Kilobaser ist ein Grazer Startup, das mit seinem „DNA-Printer“ verhältnismäßig schnell, günstig und einfach sogenannte DNA-Primer herstellt. Dabei handelt es sich um kurze DNA-Stränge, die in der einschlägigen Forschung eine zentrale Rolle spielen. Üblicherweise beziehen Labore diese Primer von großen Anbietern, die diese zentral produzieren. Mit dem DNA/RNA-Synthesizer des Startups können diese sich dagegen die Stränge selbst nach ihren Bedürfnissen drucken.

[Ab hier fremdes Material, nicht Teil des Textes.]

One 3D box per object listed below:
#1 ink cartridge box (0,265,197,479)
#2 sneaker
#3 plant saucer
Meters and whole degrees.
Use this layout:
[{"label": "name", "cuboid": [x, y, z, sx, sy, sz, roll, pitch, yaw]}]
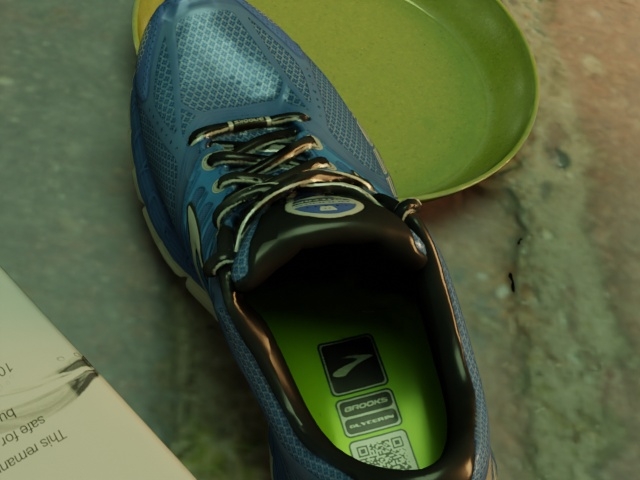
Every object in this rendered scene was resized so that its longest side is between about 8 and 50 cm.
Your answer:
[{"label": "ink cartridge box", "cuboid": [-0.175, 0.101, 0.585, 0.172, 0.100, 0.237, -30, 63, -35]}, {"label": "sneaker", "cuboid": [0.000, 0.000, 0.666, 0.129, 0.147, 0.330, -19, 61, -14]}, {"label": "plant saucer", "cuboid": [0.008, -0.102, 0.857, 0.241, 0.037, 0.241, 8, 49, -9]}]

Mit seinem DNA-Synthesizer schaffte Kilobaser es auch in den renommierten US-Accelerator Y-Combinator. Und gründete danach eine Niederlassung in den USA, die zur Muttergesellschaft wurde. Doch dann schlitterte die österreichische Kilobaser GmbH in Konkurs, wie brutkasten berichtete.

Im Juli des vergangenen Jahres hatte Co-Founder Alexander Murer auf Anfrage gemeint: „Zu den Assets und weiteren Plänen kann ich derzeit nichts sagen“. Nun ist klar, wie es weiterging.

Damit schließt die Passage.